Friday, May 20, 2011

Beyond the Sabine


Once you cross the Sabine River and continue East, every self-respecting landscape is anchored by a magnolia tree. And in May they are in bloom, giant white blooms befitting those large leathery leaves that fall year round, the price to be paid for their dark green elegance. The best specimens are unfettered by other flora and stand majestically alone on a grassy knoll.


We spent the better part of the week before we left wondering if we could cross the Mississippi.  As as matter of fact it was a non-event at Natchez.  Natchez had the forward thinking to be built on a bluff, so all those antebellum mansions are just fine.  Across the river in Louisiana, it's a different story.  But let me just ask you.  If you built a convention center, a surgery center and a new hospital on the land between the levee(which was still holding back the water for all those homes and businesses who built behind the protection of the levee) and the river, should you be surprised that you are flooded?  A nurse from Natchez, commenting on the phone calls from across the river that it was flooding in the hospital, said, "Well, yeah.  And those were doctors who built it there." 

Driving the Natchez Trace Parkway is the motoring equivalent of a massage.  It rolls and winds without traffic of any kind.   In Mississippi, evidence of the violent tornadoes was evident for about 50 miles, a vast forest of overturned and split trees in the wake of the giant storms.  We exited the Trace for the night in Canton Mississippi, made famous by the movie, A Time to Kill. Can you picture the courtroom?

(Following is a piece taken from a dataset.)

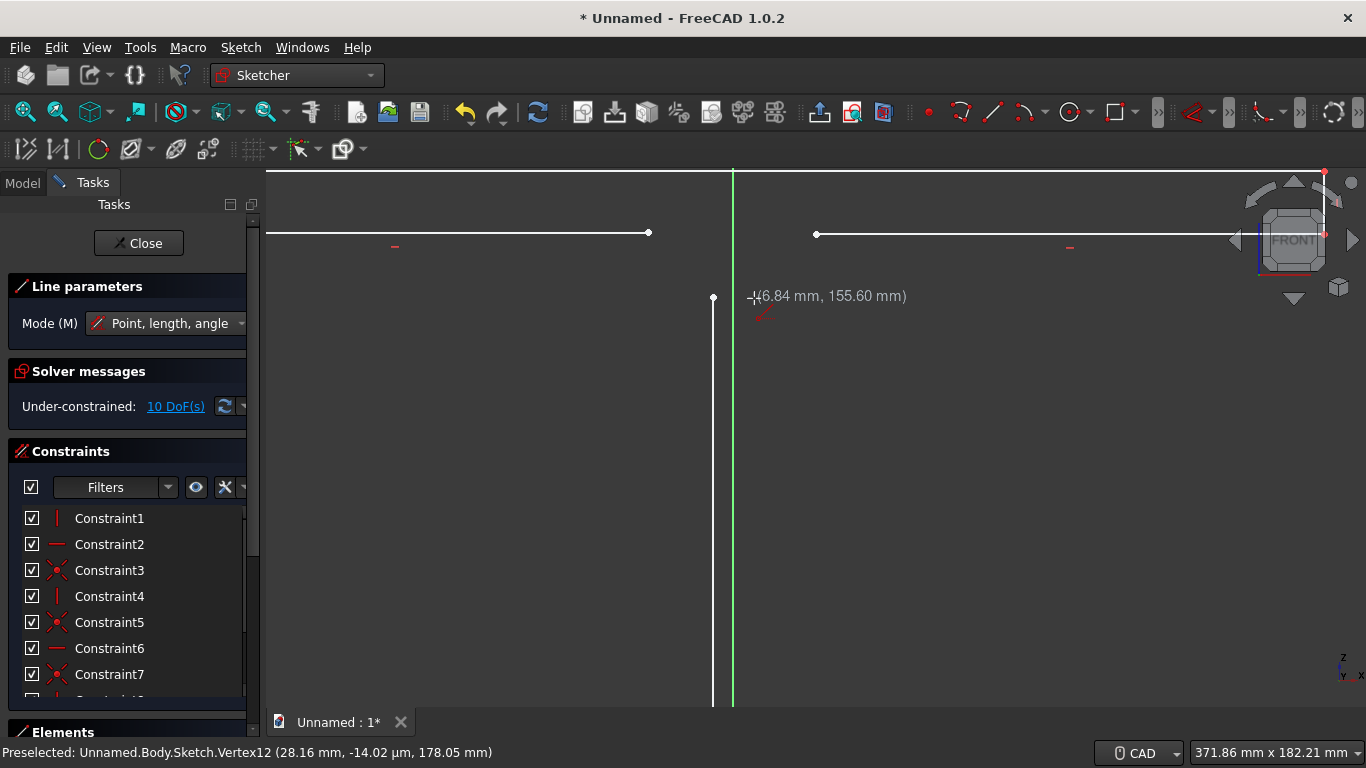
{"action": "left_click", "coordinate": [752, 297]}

Another must see on the Trace is Elvis' birthplace in Tupelo.  I speak with the authority gained by reading the displays at his birthplace when I report that he never read music.  He was taught by his preacher and a few others after his mama bought him a guitar at Tupelo Hardware.  He wanted a bike or a rifle, but she thought those weren't safe.  Glad Mama protected him.  Thank you very much Gladys.